Lenin was dictator of the Soviet state under a system of MarxismLeninism, involving iron control of the party and the people, until his death in
1924. After his death, a power struggle between Leon Trotsky and Joseph
Stalin ostracized Trotsky and brought Stalin to power. Stalin would eventually
have Trotsky assassinated; and his increasing paranoia was manifested in a
bloody series of purges from the mid 1930s onwards.

3. What are the effects of Bolshevik Revolution?

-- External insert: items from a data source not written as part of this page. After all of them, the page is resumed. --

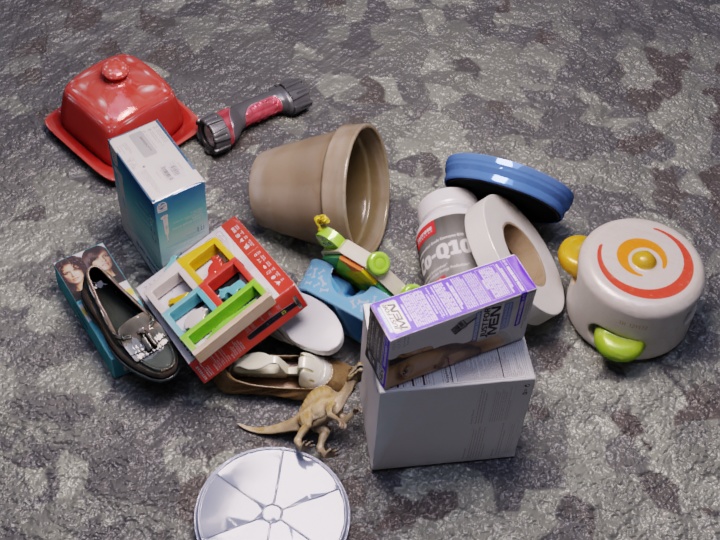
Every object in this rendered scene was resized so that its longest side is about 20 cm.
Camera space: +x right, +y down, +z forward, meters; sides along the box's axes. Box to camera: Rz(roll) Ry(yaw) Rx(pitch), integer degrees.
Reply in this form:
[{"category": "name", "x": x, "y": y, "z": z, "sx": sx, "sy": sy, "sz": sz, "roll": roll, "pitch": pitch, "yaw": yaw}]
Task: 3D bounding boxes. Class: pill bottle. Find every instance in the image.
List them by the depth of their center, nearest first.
[{"category": "pill bottle", "x": 0.143, "y": -0.019, "z": 1.806, "sx": 0.114, "sy": 0.114, "sz": 0.200, "roll": -4, "pitch": 51, "yaw": -6}]

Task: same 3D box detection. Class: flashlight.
[{"category": "flashlight", "x": -0.171, "y": -0.254, "z": 2.014, "sx": 0.200, "sy": 0.068, "sz": 0.068, "roll": -26, "pitch": 19, "yaw": -27}]

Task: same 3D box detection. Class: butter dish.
[{"category": "butter dish", "x": -0.385, "y": -0.274, "z": 1.962, "sx": 0.200, "sy": 0.148, "sz": 0.199, "roll": -37, "pitch": 61, "yaw": -27}]

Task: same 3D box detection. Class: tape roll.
[{"category": "tape roll", "x": 0.224, "y": -0.016, "z": 1.772, "sx": 0.037, "sy": 0.203, "sz": 0.203, "roll": -31, "pitch": 46, "yaw": 27}]

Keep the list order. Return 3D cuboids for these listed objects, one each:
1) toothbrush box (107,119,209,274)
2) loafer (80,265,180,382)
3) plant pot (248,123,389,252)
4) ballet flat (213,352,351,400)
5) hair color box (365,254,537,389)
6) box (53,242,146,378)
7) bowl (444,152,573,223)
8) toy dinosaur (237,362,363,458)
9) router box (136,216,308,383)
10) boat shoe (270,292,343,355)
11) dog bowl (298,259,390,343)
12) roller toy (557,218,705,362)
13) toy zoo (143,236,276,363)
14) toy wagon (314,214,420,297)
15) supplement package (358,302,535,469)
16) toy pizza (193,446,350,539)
[{"category": "toothbrush box", "x": -0.290, "y": -0.093, "z": 1.788, "sx": 0.085, "sy": 0.200, "sz": 0.146, "roll": -25, "pitch": 56, "yaw": -22}, {"category": "loafer", "x": -0.321, "y": 0.071, "z": 1.676, "sx": 0.072, "sy": 0.063, "sz": 0.200, "roll": -33, "pitch": 61, "yaw": -28}, {"category": "plant pot", "x": -0.067, "y": -0.120, "z": 1.848, "sx": 0.173, "sy": 0.200, "sz": 0.200, "roll": 2, "pitch": 49, "yaw": 21}, {"category": "ballet flat", "x": -0.105, "y": 0.138, "z": 1.691, "sx": 0.200, "sy": 0.072, "sz": 0.068, "roll": 4, "pitch": 60, "yaw": 0}, {"category": "hair color box", "x": 0.109, "y": 0.063, "z": 1.495, "sx": 0.200, "sy": 0.109, "sz": 0.065, "roll": -18, "pitch": 56, "yaw": -16}, {"category": "box", "x": -0.362, "y": 0.055, "z": 1.761, "sx": 0.082, "sy": 0.049, "sz": 0.200, "roll": -25, "pitch": 57, "yaw": -22}, {"category": "bowl", "x": 0.221, "y": -0.121, "z": 1.850, "sx": 0.200, "sy": 0.201, "sz": 0.039, "roll": 17, "pitch": 82, "yaw": 11}, {"category": "toy dinosaur", "x": -0.063, "y": 0.202, "z": 1.641, "sx": 0.200, "sy": 0.058, "sz": 0.101, "roll": -31, "pitch": 43, "yaw": 14}, {"category": "router box", "x": -0.196, "y": 0.037, "z": 1.715, "sx": 0.179, "sy": 0.049, "sz": 0.200, "roll": -37, "pitch": 44, "yaw": -8}, {"category": "boat shoe", "x": -0.101, "y": 0.072, "z": 1.741, "sx": 0.200, "sy": 0.066, "sz": 0.072, "roll": 23, "pitch": 65, "yaw": 27}, {"category": "dog bowl", "x": -0.009, "y": 0.056, "z": 1.733, "sx": 0.200, "sy": 0.112, "sz": 0.050, "roll": 28, "pitch": 69, "yaw": 34}, {"category": "roller toy", "x": 0.397, "y": 0.020, "z": 1.771, "sx": 0.182, "sy": 0.140, "sz": 0.200, "roll": -16, "pitch": 53, "yaw": -16}, {"category": "toy zoo", "x": -0.216, "y": 0.030, "z": 1.681, "sx": 0.131, "sy": 0.020, "sz": 0.200, "roll": -38, "pitch": 44, "yaw": -8}, {"category": "toy wagon", "x": 0.000, "y": 0.000, "z": 1.727, "sx": 0.200, "sy": 0.155, "sz": 0.040, "roll": 43, "pitch": 73, "yaw": -19}, {"category": "supplement package", "x": 0.107, "y": 0.147, "z": 1.621, "sx": 0.200, "sy": 0.191, "sz": 0.147, "roll": -4, "pitch": 51, "yaw": -7}, {"category": "toy pizza", "x": -0.113, "y": 0.318, "z": 1.574, "sx": 0.200, "sy": 0.032, "sz": 0.200, "roll": 1, "pitch": 52, "yaw": -2}]

The most immediate effect of the October Revolution was that the
Second Congress of Soviets stamped it with legitimacy by declaring it legal
and transfered the power of the Provisional Government to the Soviets. The
Bolsheviks and their allies the Socialist Revolutionaries enjoyed a clear
majority at the Second Congress. The Congress then formed a Council of
People's Commissars to administer the country in the interim, and passed the
Decree on Land and the Decree on Peace. The former legalized all prior land
seizures by the peasantry, while the latter declared that Russia would seek

peace and withdraw from the First World War. Also, all banks, private bank
accounts, factories and Church property were nationalized, foreign debts
were repudiated, and the 8 hour work day was established.
Perhaps the most significant result of the October Revolution was the
establishment of the Soviet Union and its Marxist-Leninist government, the
first such government anywhere in the world. Communism became one the
key defining elements of world affairs for the remainder of the 20th Century.